CBS Innertube
- Website type: Broadband video channel / streaming website
- Available in: English
- Country of origin: United States
- Owner: CBS
- Commercial: Yes
- Launched: May 2006
- Current status: Defunct (rebranded as CBS.com in 2007)
- Content license: Television programming

= CBS Innertube =

Broadband video channel

CBS Innertube was a broadband video channel launched by CBS in May 2006. The channel offered original web-only shows, as well as rebroadcasts of CBS's regular shows. The service was only available in the United States. It was rebranded as CBS.com a year later. In 2008, under the CBS.com name, CBS began adding classic television series such as Hawaii Five-O, The Ed Sullivan Show and The Twilight Zone to its selection (also including shows such as Melrose Place, MacGyver and Star Trek: The Original Series, which never aired on CBS but are owned by CBS Television Distribution).

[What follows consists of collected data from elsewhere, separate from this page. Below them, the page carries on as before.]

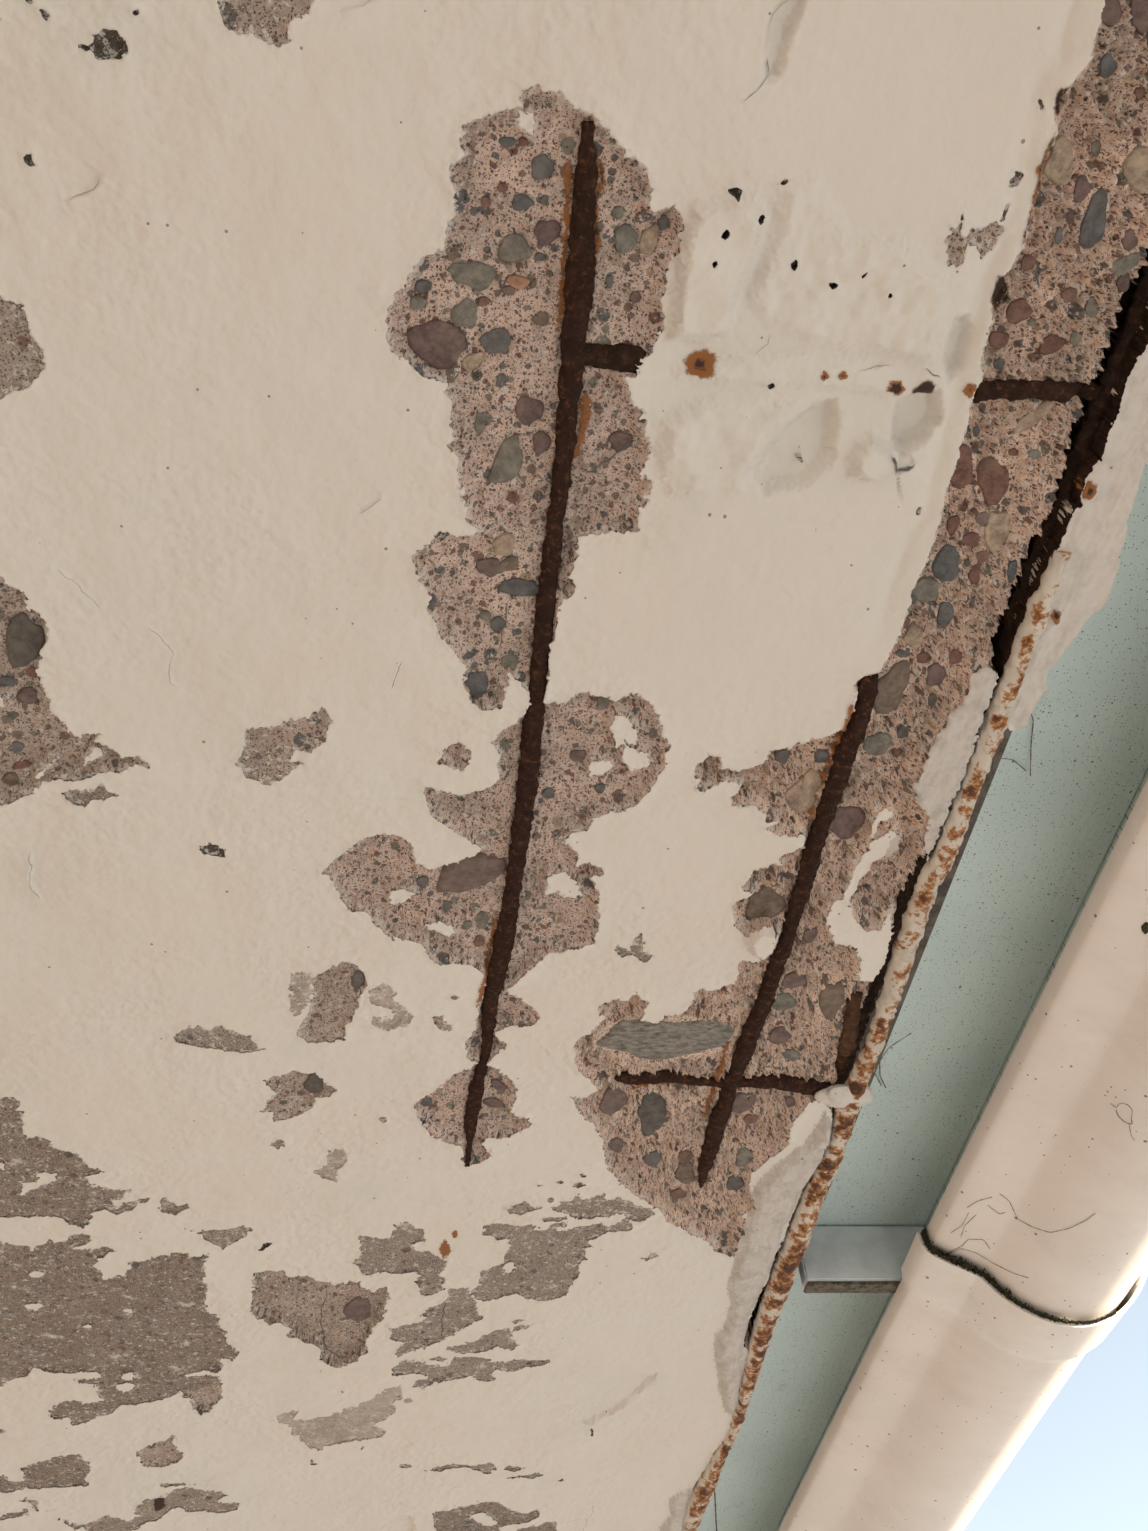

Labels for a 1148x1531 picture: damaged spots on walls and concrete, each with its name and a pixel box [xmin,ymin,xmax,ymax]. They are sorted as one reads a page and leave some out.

peeling [217,0,314,47]
corrosion [1023,88,1068,244]
peeling [0,295,45,400]
corrosion [685,349,716,379]
corrosion [992,275,1009,311]
corrosion [963,379,1102,403]
spalling [0,576,150,807]
corrosion [463,121,646,1167]
spalling [235,0,1148,1465]
corrosion [614,674,879,1188]
peeling [0,1097,272,1426]
peeling [58,1435,239,1531]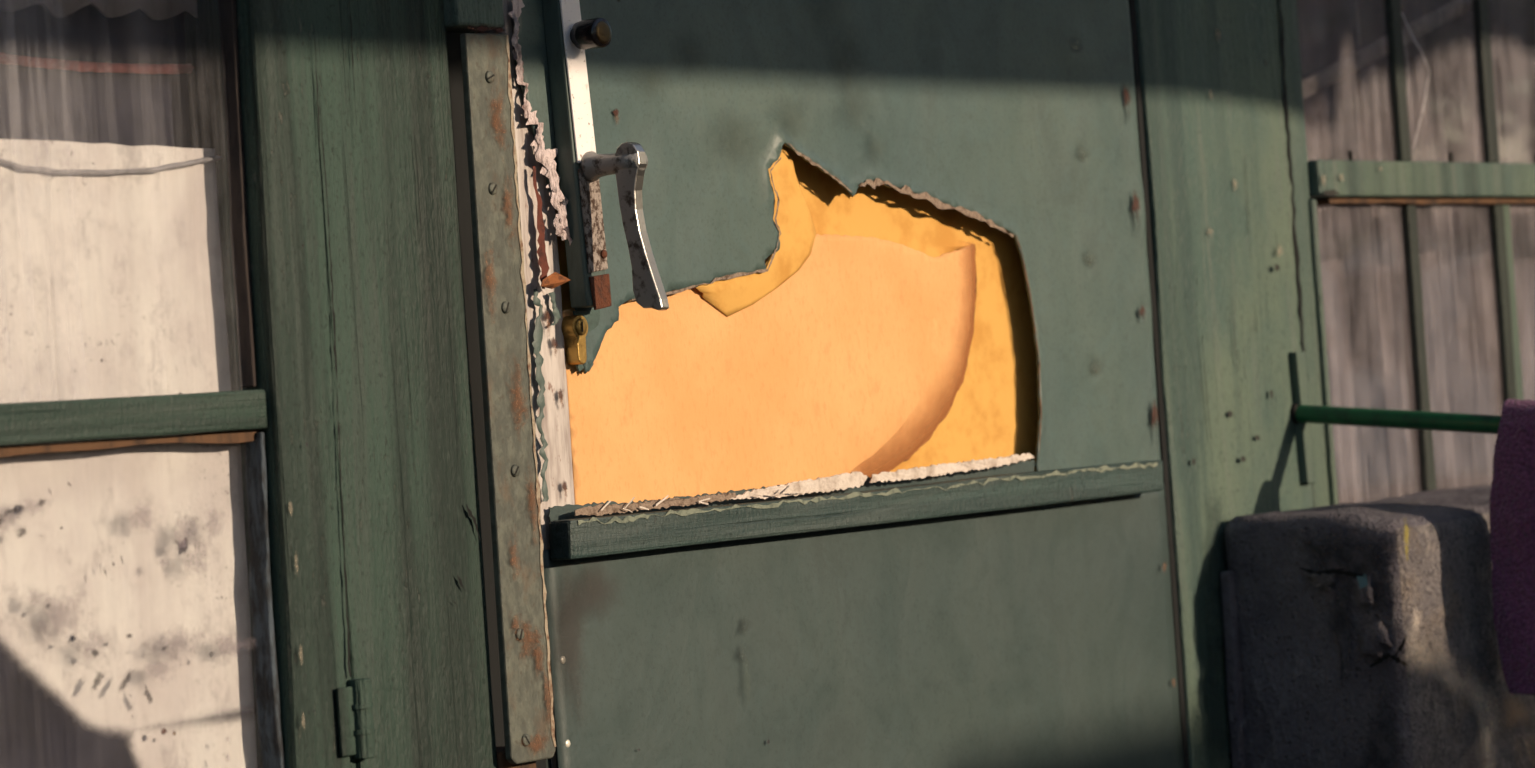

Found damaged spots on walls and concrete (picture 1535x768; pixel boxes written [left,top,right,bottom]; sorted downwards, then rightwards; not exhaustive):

peeling [508,0,573,245]
crack [1278,0,1308,380]

Advertising on Innertube was different and independent from CBS. Sponsors who had network coverage had to purchase Innertube advertising separately. These spots were sold in 15 and 30 second increment, similar to the network version. Although the goal of Innertube was to attract newer, more technologically advanced viewers, CBS had also hoped to gain some overlap from network viewers wishing to watch rebroadcasts of network shows. Finally, CBS planned to include special one-on-one interviews with celebrities.

Nearly a year after its launch, Innertube was not attracting the numbers that had been hoped for. Network executives realized that not many viewers were going to the site and decided to rebrand "Innertube" as "CBS.com", a more recognizable site for its viewers. Much of Innertube's library content is now part of CBS's paid service Paramount+ (formerly CBS All Access).